A Bronte, nei fine settimana del 25-27 settembre e 2-4 ottobre, sarà invece protagonista il Pistacchio Verde di Bronte DOP. Per la XXXV edizione della Sagra il paese tornerà a vestirsi del verde del suo celebre “oro”, cresciuto alle pendici del vulcano e divenuto ambasciatore di questo territorio ben oltre i confini della Sicilia.

Con ottobre la tavola si allunga e il viaggio continua.
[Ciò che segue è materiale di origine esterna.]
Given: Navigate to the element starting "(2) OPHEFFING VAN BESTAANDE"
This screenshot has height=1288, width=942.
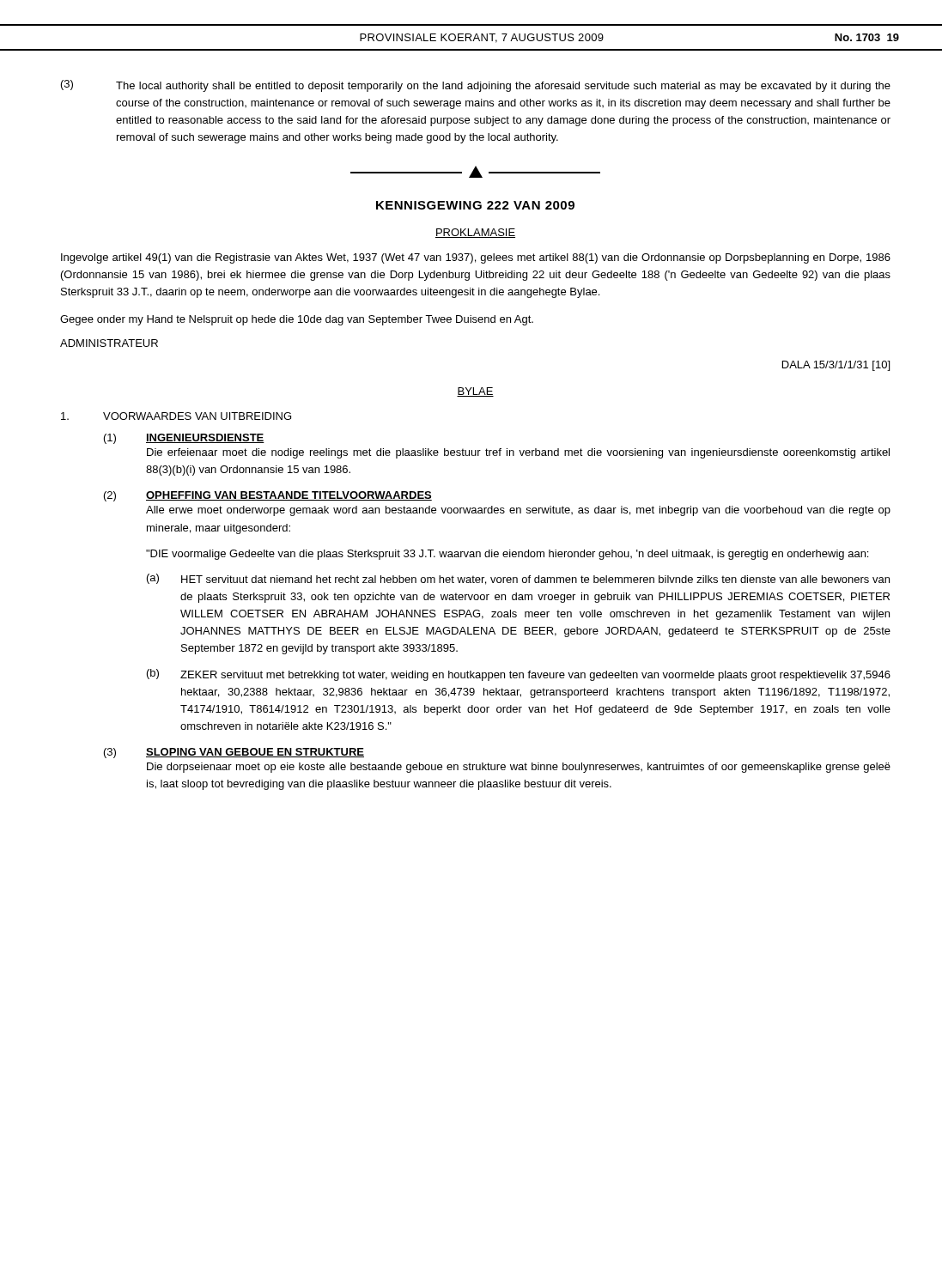Looking at the screenshot, I should (497, 513).

Zafferana Etnea accende le sue domeniche con l’Ottobrata e i prodotti dell’autunno, Trecastagni celebra il castagno, Belpasso il Fico d’India dell’Etna DOP, mentre a Militello in Val di Catania mostarda e fichidindia riportano nelle piazze sapori che appartengono alla memoria delle famiglie siciliane. A Ramacca protagonista sarà il pane, uno degli alimenti più antichi e simbolici della nostra cultura mediterranea.

Paese dopo paese, sembra quasi che l’Etna apparecchi una tavola lunga un intero territorio.

Cambiano i prodotti, i profumi e le ricette, ma sotto di loro c’è la stessa terra lavica, fertile e generosa, che l’Etna ha modellato nel tempo. È il momento in cui un paese mette in piazza, nel senso più bello dell’espressione, la propria identità. Attorno a un prodotto si intrecciano agricoltori e ricette, memoria e tradizioni, vicoli, chiese e piazze. Il cibo diventa così racconto del territorio e della gente che lo abita.

E mentre passeggiamo tra gli stand, quasi senza accorgercene, la terra ci ricorda una regola semplice che abbiamo un po’ dimenticato. Ha un suo calendario. Ogni stagione arriva con i propri colori, profumi e sapori e settembre e ottobre, sull’Etna, sembrano scriverlo con particolare generosità.

È anche questa la lezione della Dieta Mediterranea, uno stile di vita fondato sulla varietà, sull’equilibrio, sulla stagionalità, sul movimento, sulla convivialità e sulla cultura del cibo.

La sagra diventa allora una finestra aperta sul territorio. Cerchiamo il prodotto autentico, riconosciamo una DOP o una IGP, leggiamo l’etichetta e scopriamone la provenienza. Conoscere la filiera significa seguire il viaggio di un prodotto dalla terra alla tavola e riconoscere, in ogni sapore, il valore del territorio e del lavoro che lo ha reso possibile.

E naturalmente assaggiamo. Perché anche il gusto è una forma di conoscenza e ogni sapore racconta prima di tutto una storia, quella della terra da cui nasce, delle mani che la lavorano, delle tradizioni che attraversano le generazioni e della stagione che ogni anno rinnova quel piccolo rito. Saper scegliere significa anche questo, riconoscere la qualità, apprezzare le giuste quantità e dare al piacere della tavola il valore che merita.

E già che ci siamo, lasciamo che siano anche i nostri passi a guidarci. Parcheggiamo un po’ più lontano, attraversiamo il paese, imbocchiamo un vicolo, scopriamo una piazza o una chiesa, alziamo lo sguardo verso l’Etna e raggiungiamo gli stand a piedi. La passeggiata diventa così parte del viaggio gustativo, un modo semplice per muoversi, conoscere i luoghi e assaporare ogni prodotto proprio nella terra che gli ha dato origine. Forse è questo il regalo più bello dei mesi delle sagre.

Partiamo seguendo il profumo dei pistacchi, del miele, delle mele, dei funghi, del vino o delle castagne e torniamo con la sensazione di avere assaggiato qualcosa di più di un prodotto, un piccolo pezzo di Sicilia, della sua storia e della terra da cui tutto ha avuto origine.

In fondo l’Etna è fatto così. Prima ci mostra la forza del suo fuoco, poi apparecchia la tavola.